Listed entries:
- - - - - - -

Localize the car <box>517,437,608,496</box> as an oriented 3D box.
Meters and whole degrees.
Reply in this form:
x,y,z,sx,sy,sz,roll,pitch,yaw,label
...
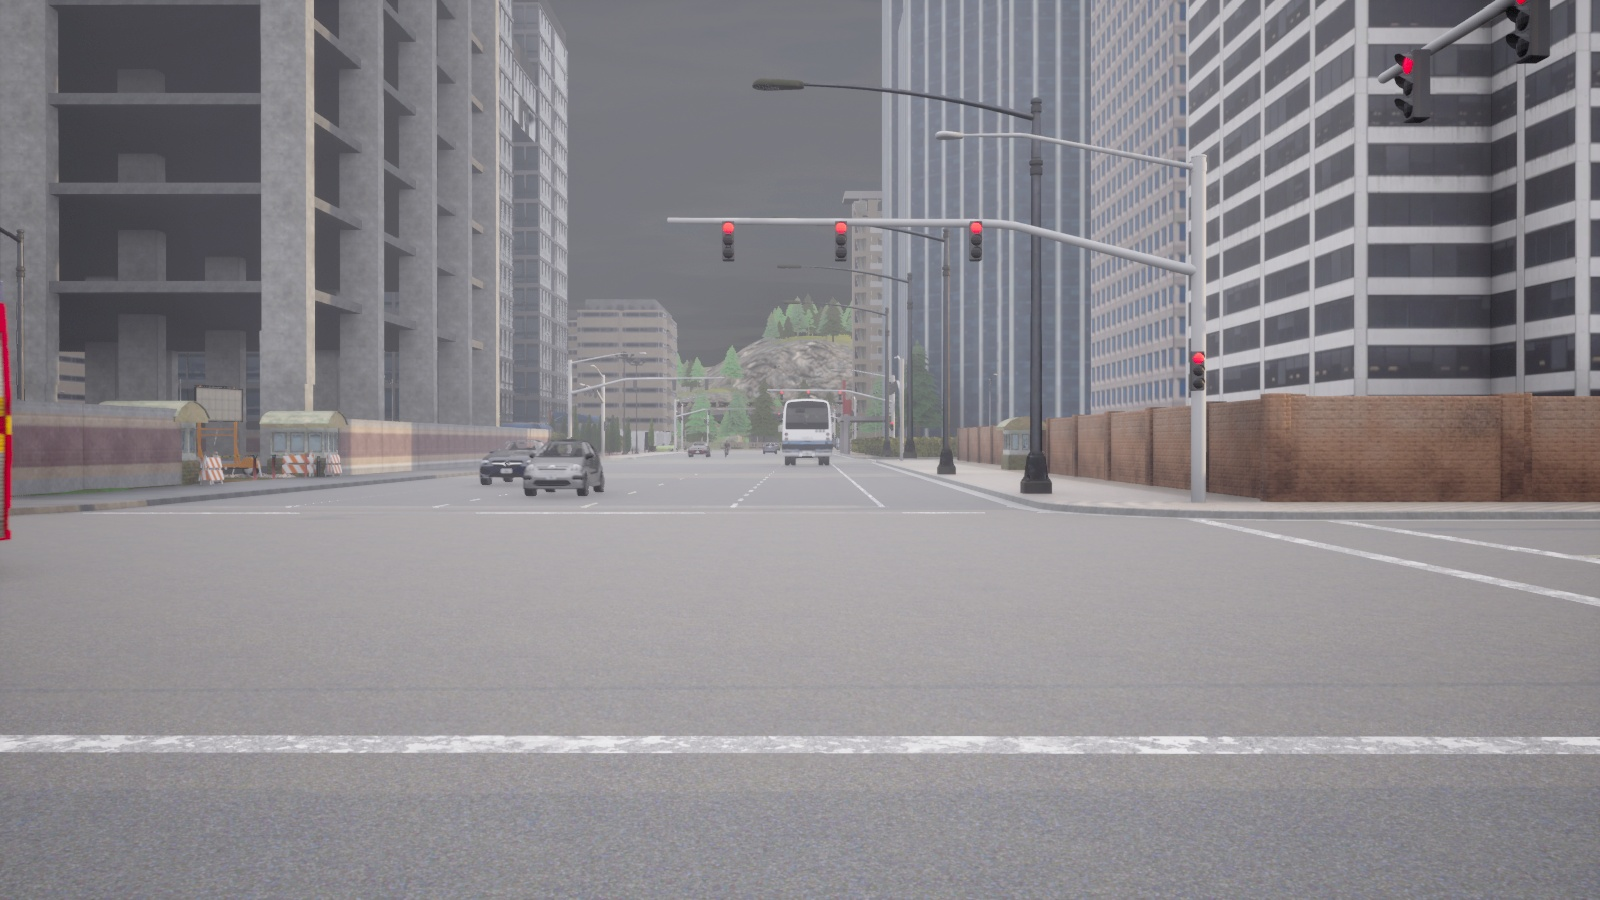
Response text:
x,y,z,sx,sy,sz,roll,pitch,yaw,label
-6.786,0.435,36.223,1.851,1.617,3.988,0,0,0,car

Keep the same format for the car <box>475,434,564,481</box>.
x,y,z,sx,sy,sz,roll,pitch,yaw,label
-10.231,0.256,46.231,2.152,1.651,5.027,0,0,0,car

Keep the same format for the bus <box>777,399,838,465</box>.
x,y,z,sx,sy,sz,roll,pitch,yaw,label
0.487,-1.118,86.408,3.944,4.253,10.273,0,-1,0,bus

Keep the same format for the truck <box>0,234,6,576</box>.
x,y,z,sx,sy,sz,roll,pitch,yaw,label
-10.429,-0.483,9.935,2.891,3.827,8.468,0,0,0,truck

- - - - - - -

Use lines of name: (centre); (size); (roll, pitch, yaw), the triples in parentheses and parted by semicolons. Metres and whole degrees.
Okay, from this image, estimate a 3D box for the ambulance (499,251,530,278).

- - - - - - -

Brief:
Go to the line in the material above that contains "Use lines of" and copy exactly from there through the line that contains "Okay, from this", stopping after it.

Solution to the exercise:
Use lines of name: (centre); (size); (roll, pitch, yaw), the triples in parentheses and parted by semicolons. Metres and whole degrees.
Okay, from this image, estimate a 3D box for the ambulance (499,251,530,278).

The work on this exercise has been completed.